- **Exercise**
Only the lines from the start of the data through the line with "doc.units = 0" belong in the copy. Restate them word for word, minus the pictures.

- **Supplied information**
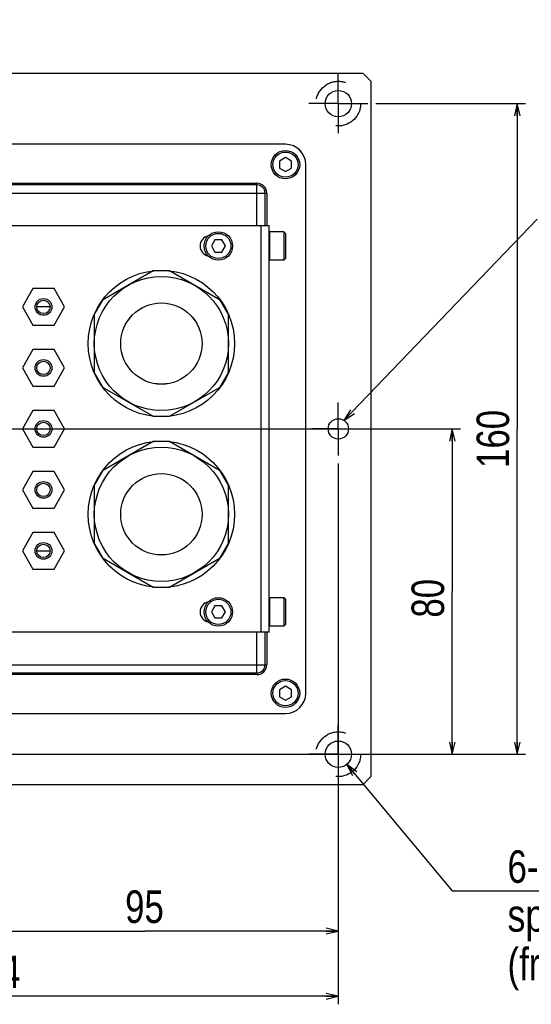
# Model space of a CAD drawing. Extents: x 0 to 2548, y 0 to 1800.
# Tile 27 of 29: x 1974 to 2165, y 1214 to 1581. Entities that reach past the tile are written whole.
import ezdxf

# ---------------------------------------------------------------- set-up
doc = ezdxf.new("R2010")
doc.units = 0
doc.header["$LTSCALE"] = 140.166667
doc.linetypes.add('CENTER', pattern=[0.6, 0.375, -0.075, 0.075, -0.075])
doc.linetypes.add('HIDDEN', pattern=[0.2, 0.1, -0.1])
for name, color, linetype in [('91_NOTE', 7, 'Continuous'), ('95_ALL_DIM', 7, 'Continuous'), ('DEFAULT_1', 7, 'CENTER'), ('DEFAULT_2', 8, 'HIDDEN')]:
    doc.layers.add(name, color=color, linetype=linetype)
doc.styles.get("Standard").update_dxf_attribs({"font": 'txt', "width": 0.8})
doc.dimstyles.new('DIMSTYLE_10', dxfattribs={"dimtxt": 12.121212, "dimasz": 4.545455, "dimexe": 0.18, "dimexo": 0.0625, "dimgap": 0.09, "dimtad": 1, "dimtih": 1, "dimtoh": 1, "dimdec": 3, "dimlfac": 0.66, "dimdsep": 46, "dimtxsty": 'Standard', "dimblk": 'OPEN', "dimblk1": 'OPEN', "dimblk2": 'OPEN', "dimcen": 0.09, "dimadec": 0, "dimazin": 0, "dimtol": 1, "dimtp": 0.012, "dimtfac": 0.6, "dimtdec": 3, "dimtofl": 0, "dimtmove": 0, "dimatfit": 3, "dimldrblk": 'OPEN', "dimfxl": 0, "dimtolj": 1, "dimarcsym": 0})
doc.dimstyles.new('DIMSTYLE_11', dxfattribs={"dimtxt": 12.121212, "dimasz": 4.545455, "dimexe": 0.18, "dimexo": 0.0625, "dimgap": 0.09, "dimtad": 1, "dimdec": 3, "dimlfac": 0.66, "dimdsep": 46, "dimtxsty": 'Standard', "dimblk": 'OPEN', "dimblk1": 'OPEN', "dimblk2": 'OPEN', "dimcen": 0.09, "dimadec": 0, "dimazin": 0, "dimtp": 0.5, "dimtm": 0.5, "dimtfac": 1, "dimtdec": 3, "dimtofl": 0, "dimtmove": 0, "dimatfit": 3, "dimldrblk": 'OPEN', "dimfxl": 0, "dimtolj": 1, "dimarcsym": 0})
doc.dimstyles.new('DIMSTYLE_12', dxfattribs={"dimtxt": 12.121212, "dimasz": 4.545455, "dimexe": 0.18, "dimexo": 0.0625, "dimgap": 0.09, "dimtad": 1, "dimtih": 1, "dimtoh": 1, "dimdec": 3, "dimlfac": 0.66, "dimdsep": 46, "dimtxsty": 'Standard', "dimblk": 'OPEN', "dimblk1": 'OPEN', "dimblk2": 'OPEN', "dimcen": 0.09, "dimadec": 0, "dimazin": 0, "dimtp": 0.2, "dimtm": 0.2, "dimtfac": 1, "dimtdec": 3, "dimtofl": 0, "dimtmove": 0, "dimatfit": 3, "dimldrblk": 'OPEN', "dimfxl": 0, "dimtolj": 1, "dimarcsym": 0})
doc.dimstyles.new('DIMSTYLE_8', dxfattribs={"dimtxt": 12.121212, "dimasz": 4.545455, "dimexe": 0.18, "dimexo": 0.0625, "dimgap": 0.09, "dimtad": 1, "dimdec": 3, "dimlfac": 0.66, "dimdsep": 46, "dimtxsty": 'Standard', "dimblk": 'OPEN', "dimblk1": 'OPEN', "dimblk2": 'OPEN', "dimcen": 0.09, "dimadec": 0, "dimazin": 0, "dimtp": 0.3, "dimtm": 0.3, "dimtfac": 1, "dimtdec": 3, "dimtofl": 0, "dimtmove": 0, "dimatfit": 3, "dimldrblk": 'OPEN', "dimfxl": 0, "dimtolj": 1, "dimarcsym": 0})

# ---------------------------------------------------------------- blocks, each defined once
blk = doc.blocks.new('_OPEN')
at = {"color": 0, "linetype": 'ByBlock'}
for p, q in [((0, 0), (-1, 0.233)), ((-1, -0.233), (0, 0)), ((-1, 0), (0, 0))]:
    blk.add_line(p, q, dxfattribs=at)
blk = doc.blocks.new('*D36')
at = {"layer": '95_ALL_DIM', "color": 2, "linetype": 'Continuous'}
for p, q in [((1955.63, 1428.44), (2138.21, 1428.44)), ((2135.18, 1428.44), (2135.18, 1367.83)), ((2135.18, 1307.22), (2135.18, 1367.83)), ((1875.19, 1307.22), (2138.21, 1307.22))]:
    blk.add_line(p, q, dxfattribs=at)
at = {"layer": '95_ALL_DIM', "color": 2, "linetype": 'Continuous', "xscale": 4.545455, "yscale": 4.545455, "zscale": 4.545455}
for p, rotation in [((2135.18, 1428.44), 90), ((2135.18, 1307.22), 270)]:
    blk.add_blockref('_OPEN', p, dxfattribs=dict(at, rotation=rotation))
at = {"layer": '95_ALL_DIM', "color": 2, "linetype": 'Continuous', "width": 0.8}
blk.add_text('80', height=12.121, rotation=90, dxfattribs=at).set_placement((2132.15, 1358.13))
blk = doc.blocks.new('*D38')
at = {"layer": '95_ALL_DIM', "color": 2, "linetype": 'Continuous'}
for p, q in [((1884.65, 1553.44), (1909.72, 1591.31)), ((1909.72, 1591.31), (1909.72, 1591.31)), ((1909.72, 1591.31), (2049.23, 1591.31))]:
    blk.add_line(p, q, dxfattribs=at)
at = {"layer": '95_ALL_DIM', "color": 2, "linetype": 'Continuous', "xscale": 4.545455, "yscale": 4.545455, "zscale": 4.545455, "rotation": 236.507322}
blk.add_blockref('_OPEN', (1884.65, 1553.44), dxfattribs=at)
at = {"layer": '95_ALL_DIM', "color": 2, "linetype": 'Continuous'}
for s, height, width, p in [('(', 16.97, 0.8, (1975.05, 1594.95)), ('+0.012', 7.273, 0.8, (1988.62, 1604.65)), (')', 16.97, 0.8, (2023.53, 1594.95)), ('%%c', 12.121, 1.333333, (1920.1, 1597.38)), ('6 H7', 12.121, 0.8, (1936.26, 1597.38)), (' 0', 7.273, 0.8, (1988.62, 1594.95))]:
    blk.add_text(s, height=height, dxfattribs=dict(at, width=width)).set_placement(p)
blk = doc.blocks.new('*D39')
at = {"layer": '95_ALL_DIM', "color": 2, "linetype": 'Continuous'}
for p, q in [((2106.77, 1549.65), (2162.45, 1549.65)), ((2159.42, 1549.65), (2159.42, 1428.44)), ((2159.42, 1307.22), (2159.42, 1428.44)), ((2106.77, 1307.22), (2162.45, 1307.22))]:
    blk.add_line(p, q, dxfattribs=at)
at = {"layer": '95_ALL_DIM', "color": 2, "linetype": 'Continuous', "xscale": 4.545455, "yscale": 4.545455, "zscale": 4.545455}
for p, rotation in [((2159.42, 1549.65), 90), ((2159.42, 1307.22), 270)]:
    blk.add_blockref('_OPEN', p, dxfattribs=dict(at, rotation=rotation))
at = {"layer": '95_ALL_DIM', "color": 2, "linetype": 'Continuous', "width": 0.8}
blk.add_text('160', height=12.121, rotation=90, dxfattribs=at).set_placement((2156.39, 1413.89))
blk = doc.blocks.new('*D40')
at = {"layer": '95_ALL_DIM', "color": 2, "linetype": 'Continuous'}
for p, q in [((1948.81, 1293.21), (1948.81, 1238.28)), ((2092.75, 1293.21), (2092.75, 1238.28)), ((1948.81, 1241.31), (2020.78, 1241.31)), ((2092.75, 1241.31), (2020.78, 1241.31))]:
    blk.add_line(p, q, dxfattribs=at)
at = {"layer": '95_ALL_DIM', "color": 2, "linetype": 'Continuous', "xscale": 4.545455, "yscale": 4.545455, "zscale": 4.545455, "rotation": 180}
blk.add_blockref('_OPEN', (1948.81, 1241.31), dxfattribs=at)
at = {"layer": '95_ALL_DIM', "color": 2, "linetype": 'Continuous', "xscale": 4.545455, "yscale": 4.545455, "zscale": 4.545455}
blk.add_blockref('_OPEN', (2092.75, 1241.31), dxfattribs=at)
at = {"layer": '95_ALL_DIM', "color": 2, "linetype": 'Continuous', "width": 0.8}
blk.add_text('95', height=12.121, dxfattribs=at).set_placement((2013.32, 1244.35))
blk = doc.blocks.new('*D42')
at = {"layer": '95_ALL_DIM', "color": 2, "linetype": 'Continuous'}
for p, q in [((2095.9, 1303.44), (2135.18, 1256.27)), ((2135.18, 1256.27), (2143.67, 1256.27)), ((2143.67, 1256.27), (2416.8, 1256.27))]:
    blk.add_line(p, q, dxfattribs=at)
at = {"layer": '95_ALL_DIM', "color": 2, "linetype": 'Continuous', "xscale": 4.545455, "yscale": 4.545455, "zscale": 4.545455, "rotation": 129.781517}
blk.add_blockref('_OPEN', (2095.9, 1303.44), dxfattribs=at)
at = {"layer": '95_ALL_DIM', "color": 2, "linetype": 'Continuous'}
for s, height, width, p in [('6-', 12.121, 0.8, (2155.79, 1259.3)), ('6.5', 12.121, 0.8, (2175.18, 1259.3)), (' drilled hole', 12.1212, 0.8, (2204.27, 1259.3)), ('spot facing %%c11 depth 6.5', 12.1212, 0.821333, (2155.79, 1241.12)), ('(from the backside)', 12.1212, 0.8, (2155.79, 1222.94))]:
    blk.add_text(s, height=height, dxfattribs=dict(at, width=width)).set_placement(p)
blk = doc.blocks.new('*D45')
at = {"layer": '95_ALL_DIM', "color": 2, "linetype": 'Continuous'}
for p, q in [((2092.75, 1415.56), (2092.75, 1214.04)), ((1844.27, 1294.35), (1844.27, 1214.04)), ((1844.27, 1217.07), (1968.51, 1217.07)), ((2092.75, 1217.07), (1968.51, 1217.07))]:
    blk.add_line(p, q, dxfattribs=at)
at = {"layer": '95_ALL_DIM', "color": 2, "linetype": 'Continuous', "xscale": 4.545455, "yscale": 4.545455, "zscale": 4.545455, "rotation": 180}
blk.add_blockref('_OPEN', (1844.27, 1217.07), dxfattribs=at)
at = {"layer": '95_ALL_DIM', "color": 2, "linetype": 'Continuous', "xscale": 4.545455, "yscale": 4.545455, "zscale": 4.545455}
blk.add_blockref('_OPEN', (2092.75, 1217.07), dxfattribs=at)
at = {"layer": '95_ALL_DIM', "color": 2, "linetype": 'Continuous', "width": 0.8}
blk.add_text('164', height=12.121, dxfattribs=at).set_placement((1952.62, 1220.1))

msp = doc.modelspace()

# ---------------------------------------------------------------- linework, layer by layer
at = {"color": 7, "linetype": 'Continuous'}
for p, q in [((1795.7829, 1561.0119), (2101.8435, 1561.0119)), ((2104.8738, 1557.9816), (2101.8435, 1561.0119)), ((2104.8738, 1557.9816), (2104.8738, 1298.8907)), ((2073.0556, 1534.4968), (1824.5707, 1534.4968)), ((2073.0556, 1529.5271), (2070.7987, 1528.2241)), ((2070.7987, 1528.2241), (2070.7987, 1525.618)), ((2075.3125, 1528.2241), (2073.0556, 1529.5271)), ((2075.3125, 1525.618), (2075.3125, 1528.2241)), ((2080.6313, 1329.9513), (2080.6313, 1526.921)), ((2070.7987, 1525.618), (2073.0556, 1524.315)), ((2073.0556, 1524.315), (2075.3125, 1525.618)), ((1835.1768, 1519.9513), (2062.4495, 1519.9513)), ((2062.4495, 1519.3453), (1835.1768, 1519.3453)), ((2062.4495, 1504.1938), (2062.4495, 1519.9513)), ((1831.5404, 1516.315), (2066.0859, 1516.315)), ((2065.4798, 1504.1938), (2065.4798, 1516.315)), ((2066.0859, 1516.315), (2066.0859, 1504.1938)), ((1941.995, 1504.1938), (2066.995, 1504.1938)), ((2063.9647, 1352.6786), (2063.9647, 1504.1938)), ((2066.995, 1352.6786), (2066.995, 1504.1938)), ((2072.4495, 1501.921), (2067.1465, 1501.921)), ((2067.1465, 1501.921), (2067.1465, 1491.315)), ((2072.4495, 1501.921), (2072.4495, 1491.315)), ((2073.0556, 1501.315), (2072.4495, 1501.921)), ((2073.0556, 1501.315), (2073.0556, 1491.921)), ((2046.7526, 1498.8749), (2045.4495, 1496.618)), ((2049.3586, 1498.8749), (2046.7526, 1498.8749)), ((2050.6616, 1496.618), (2049.3586, 1498.8749)), ((2045.4495, 1496.618), (2046.7526, 1494.3611)), ((2046.7526, 1494.3611), (2049.3586, 1494.3611)), ((2049.3586, 1494.3611), (2050.6616, 1496.618)), ((2072.4495, 1491.315), (2067.1465, 1491.315)), ((2073.0556, 1491.921), (2072.4495, 1491.315)), ((2023.7828, 1487.3548), (2004.9041, 1476.4552)), ((2029.9041, 1487.3548), (2023.7828, 1487.3548)), ((2048.7828, 1476.4552), (2029.9041, 1487.3548)), ((1978.9676, 1480.7089), (1975.0311, 1473.8907)), ((1986.8405, 1480.7089), (1978.9676, 1480.7089)), ((1990.777, 1473.8907), (1986.8405, 1480.7089)), ((2004.9041, 1476.4552), (2001.8435, 1471.154)), ((2051.8435, 1471.154), (2048.7828, 1476.4552)), ((1975.0311, 1473.8907), (1978.9676, 1467.0725)), ((1985.3998, 1473.8907), (1980.4083, 1473.8907)), ((1986.8405, 1467.0725), (1990.777, 1473.8907)), ((2001.8435, 1471.154), (2001.8435, 1449.3547)), ((2051.8435, 1449.3547), (2051.8435, 1471.154)), ((1978.9676, 1467.0725), (1986.8405, 1467.0725)), ((1978.9676, 1457.9816), (1975.0311, 1451.1634)), ((1986.8405, 1457.9816), (1978.9676, 1457.9816)), ((1990.777, 1451.1634), (1986.8405, 1457.9816)), ((1975.0311, 1451.1634), (1978.9676, 1444.3453)), ((1986.8405, 1444.3453), (1990.777, 1451.1634)), ((2001.8435, 1449.3547), (2004.9041, 1444.0535)), ((2048.7828, 1444.0535), (2051.8435, 1449.3547)), ((1978.9676, 1444.3453), (1986.8405, 1444.3453)), ((2004.9041, 1444.0535), (2023.7828, 1433.1539)), ((2029.9041, 1433.1539), (2048.7828, 1444.0535)), ((1978.9676, 1435.2544), (1975.0311, 1428.4362)), ((1986.8405, 1435.2544), (1978.9676, 1435.2544)), ((1990.777, 1428.4362), (1986.8405, 1435.2544)), ((2023.7828, 1433.1539), (2029.9041, 1433.1539)), ((1975.0311, 1428.4362), (1978.9676, 1421.618)), ((1986.8405, 1421.618), (1990.777, 1428.4362)), ((2023.7828, 1423.7184), (2004.9041, 1412.8188)), ((2029.9041, 1423.7184), (2023.7828, 1423.7184)), ((2048.7828, 1412.8188), (2029.9041, 1423.7184)), ((1978.9676, 1421.618), (1986.8405, 1421.618)), ((1978.9676, 1412.5271), (1975.0311, 1405.7089)), ((1986.8405, 1412.5271), (1978.9676, 1412.5271)), ((1990.777, 1405.7089), (1986.8405, 1412.5271)), ((2004.9041, 1412.8188), (2001.8435, 1407.5176)), ((2051.8435, 1407.5176), (2048.7828, 1412.8188)), ((1975.0311, 1405.7089), (1978.9676, 1398.8907)), ((1986.8405, 1398.8907), (1990.777, 1405.7089)), ((2001.8435, 1407.5176), (2001.8435, 1385.7184)), ((2051.8435, 1385.7184), (2051.8435, 1407.5176)), ((1978.9676, 1398.8907), (1986.8405, 1398.8907)), ((1978.9676, 1389.7998), (1975.0311, 1382.9816)), ((1986.8405, 1389.7998), (1978.9676, 1389.7998)), ((1990.777, 1382.9816), (1986.8405, 1389.7998)), ((2001.8435, 1385.7184), (2004.9041, 1380.4172)), ((2048.7828, 1380.4172), (2051.8435, 1385.7184)), ((1975.0311, 1382.9816), (1978.9676, 1376.1634)), ((1980.4083, 1382.9816), (1985.3998, 1382.9816)), ((1986.8405, 1376.1634), (1990.777, 1382.9816)), ((2004.9041, 1380.4172), (2023.7828, 1369.5175)), ((2029.9041, 1369.5175), (2048.7828, 1380.4172)), ((1978.9676, 1376.1634), (1986.8405, 1376.1634)), ((2023.7828, 1369.5175), (2029.9041, 1369.5175)), ((2072.4495, 1365.5574), (2067.1465, 1365.5574)), ((2067.1465, 1365.5574), (2067.1465, 1354.9513)), ((2073.0556, 1364.9513), (2072.4495, 1365.5574)), ((2072.4495, 1365.5574), (2072.4495, 1354.9513)), ((2073.0556, 1364.9513), (2073.0556, 1355.5574)), ((2046.7526, 1362.5113), (2045.4495, 1360.2544)), ((2049.3586, 1362.5113), (2046.7526, 1362.5113)), ((2050.6616, 1360.2544), (2049.3586, 1362.5113)), ((2045.4495, 1360.2544), (2046.7526, 1357.9974)), ((2046.7526, 1357.9974), (2049.3586, 1357.9974)), ((2049.3586, 1357.9974), (2050.6616, 1360.2544)), ((2072.4495, 1354.9513), (2067.1465, 1354.9513)), ((2073.0556, 1355.5574), (2072.4495, 1354.9513)), ((2066.995, 1352.6786), (1941.995, 1352.6786)), ((2062.4495, 1336.921), (2062.4495, 1352.6786)), ((2065.4798, 1340.5574), (2065.4798, 1352.6786)), ((2066.0859, 1352.6786), (2066.0859, 1340.5574)), ((1831.5404, 1340.5574), (2066.0859, 1340.5574)), ((1835.1768, 1337.5271), (2062.4495, 1337.5271)), ((2062.4495, 1336.921), (1835.1768, 1336.921)), ((2073.0556, 1332.5574), (2070.7987, 1331.2544)), ((2075.3125, 1331.2544), (2073.0556, 1332.5574)), ((2070.7987, 1331.2544), (2070.7987, 1328.6483)), ((2070.7987, 1328.6483), (2073.0556, 1327.3453)), ((2073.0556, 1327.3453), (2075.3125, 1328.6483)), ((2075.3125, 1328.6483), (2075.3125, 1331.2544)), ((1824.5707, 1322.3756), (2073.0556, 1322.3756)), ((2101.8435, 1295.8604), (2104.8738, 1298.8907)), ((2101.8435, 1295.8604), (1795.7829, 1295.8604))]:
    msp.add_line(p, q, dxfattribs=at)
for centre, radius in [((2092.7526, 1549.6483), 4.9242), ((2073.0556, 1526.921), 5.303), ((2073.0556, 1526.921), 4.697), ((2048.0556, 1496.618), 5.303), ((2048.0556, 1496.618), 4.697), ((2026.8435, 1460.2544), 27.2727), ((2026.8435, 1460.2544), 25), ((1982.9041, 1473.8907), 3.125), ((1982.9041, 1473.8907), 2.5), ((2026.8435, 1460.2544), 15.1619), ((2026.8435, 1460.2544), 15.1515), ((1982.9041, 1451.1634), 3.125), ((1982.9041, 1451.1634), 2.5), ((1982.9041, 1428.4362), 3.125), ((1982.9041, 1428.4362), 2.5), ((2092.7526, 1428.4362), 3.7879), ((2026.8435, 1396.618), 27.2727), ((2026.8435, 1396.618), 25), ((2026.8435, 1396.618), 15.1619), ((2026.8435, 1396.618), 15.1515), ((1982.9041, 1405.7089), 3.125), ((1982.9041, 1405.7089), 2.5), ((1982.9041, 1382.9816), 3.125), ((1982.9041, 1382.9816), 2.5), ((2048.0556, 1360.2544), 5.303), ((2048.0556, 1360.2544), 4.697), ((2073.0556, 1329.9513), 5.303), ((2073.0556, 1329.9513), 4.697), ((2092.7526, 1307.2241), 4.9242)]:
    msp.add_circle(centre, radius, dxfattribs=at)
for centre, radius, start, end in [((2073.0556, 1526.921), 7.5758, 0, 90), ((2062.4495, 1516.315), 3.6364, 0, 90), ((2062.4495, 1516.315), 3.0303, 0, 90), ((2067.1465, 1501.7695), 0.1515, 90, 180), ((2045.0253, 1496.618), 3.7879, 101.557426, 258.44399), ((2067.1465, 1491.4665), 0.1515, 180, 270), ((2067.1465, 1365.4059), 0.1515, 90, 180), ((2045.0253, 1360.2544), 3.7879, 101.557426, 258.44399), ((2067.1465, 1355.1028), 0.1515, 180, 270), ((2062.4495, 1340.5574), 3.0303, 270, 0), ((2062.4495, 1340.5574), 3.6364, 270, 0), ((2073.0556, 1329.9513), 7.5758, 270, 0)]:
    msp.add_arc(centre, radius, start, end, dxfattribs=at)
at = {"layer": '91_NOTE', "color": 2, "linetype": 'Continuous'}
msp.add_line((2094.857, 1431.5857), (2166.8482, 1506.588), dxfattribs=at)
msp.add_lwpolyline([(2097.2394, 1435.5994), (2094.857, 1431.5857), (2098.7698, 1434.1305)], dxfattribs=at)
at = {"layer": 'DEFAULT_1', "color": 7, "linetype": 'CENTER'}
for p, q in [((2092.7526, 1549.6483), (2092.7526, 1560.6331)), ((2092.7526, 1549.6483), (2081.7677, 1549.6483)), ((2092.7526, 1549.6483), (2103.7374, 1549.6483)), ((2092.7526, 1549.6483), (2092.7526, 1538.6634)), ((2092.7526, 1428.4362), (2092.7526, 1438.2847)), ((1882.1465, 1428.4362), (2082.9041, 1428.4362)), ((2092.7526, 1428.4362), (2082.9041, 1428.4362)), ((2092.7526, 1428.4362), (2118.275, 1428.4362)), ((2092.7526, 1428.4362), (2092.7526, 1418.5877)), ((2092.7526, 1307.2241), (2092.7526, 1318.2089)), ((2092.7526, 1307.2241), (2081.7677, 1307.2241)), ((2092.7526, 1307.2241), (2103.7374, 1307.2241)), ((2092.7526, 1307.2241), (2092.7526, 1296.2392))]:
    msp.add_line(p, q, dxfattribs=at)
at = {"layer": 'DEFAULT_2', "color": 8, "linetype": 'HIDDEN'}
for centre in [(2092.7526, 1549.6483), (2092.7526, 1307.2241)]:
    msp.add_circle(centre, 8.3333, dxfattribs=at)

# ---------------------------------------------------------------- dimensions: what is measured, and where the dimension line sits
at = {"layer": '95_ALL_DIM', "color": 2, "linetype": 'Continuous'}
dim = msp.add_diameter_dim_2p(p1=(1884.6548, 1553.439), p2=(1879.6382, 1545.8576), dimstyle='DIMSTYLE_10', override={"dimpost": '%%c<>H7'}, dxfattribs=at)
dim.commit()
dim.dimension.update_dxf_attribs({"geometry": '*D38', "text_midpoint": (1978.603, 1603.4362), "dimtype": 163})
for base, p1, p2, angle, dimstyle, picture, middle in [((2159.4192, 1307.2241), (2106.7677, 1549.6483), (2106.7677, 1307.2241), 270, 'DIMSTYLE_11', '*D39', (2150.3283, 1428.4362)), ((2135.1768, 1307.2241), (1955.6313, 1428.4362), (1875.1858, 1307.2241), 270, 'DIMSTYLE_8', '*D36', (2126.0859, 1367.8301)), ((1948.8132, 1241.315), (2092.7526, 1293.2089), (1948.8132, 1293.2089), 180, 'DIMSTYLE_8', '*D40', (2023.0184, 1250.4059))]:
    dim = msp.add_linear_dim(base=base, p1=p1, p2=p2, angle=angle, dimstyle=dimstyle, dxfattribs=at)
    dim.commit()
    dim.dimension.update_dxf_attribs({"geometry": picture, "text_midpoint": middle, "dimtype": 160})
dim = msp.add_linear_dim(base=(2092.7526, 1217.0725), p1=(1844.2677, 1294.3453), p2=(2092.7526, 1415.5574), dimstyle='DIMSTYLE_11', dxfattribs=at)
dim.commit()
dim.dimension.update_dxf_attribs({"geometry": '*D45', "text_midpoint": (1967.1688, 1226.1634), "dimtype": 160})
dim = msp.add_diameter_dim_2p(p1=(2095.9034, 1303.4398), p2=(2089.6017, 1311.0083), text='6-<> drilled hole\\Pspot facing %%c11 depth 6.5\\P(from the backside)', dimstyle='DIMSTYLE_12', dxfattribs=at)
dim.commit()
dim.dimension.update_dxf_attribs({"geometry": '*D42', "text_midpoint": (2280.2316, 1247.1806), "dimtype": 163})

doc.saveas('drawing.dxf')

- **Result of this task**
# Model space of a CAD drawing. Extents: x 0 to 2548, y 0 to 1800.
# Tile 27 of 29: x 1974 to 2165, y 1214 to 1581. Entities that reach past the tile are written whole.
import ezdxf

# ---------------------------------------------------------------- set-up
doc = ezdxf.new("R2010")
doc.units = 0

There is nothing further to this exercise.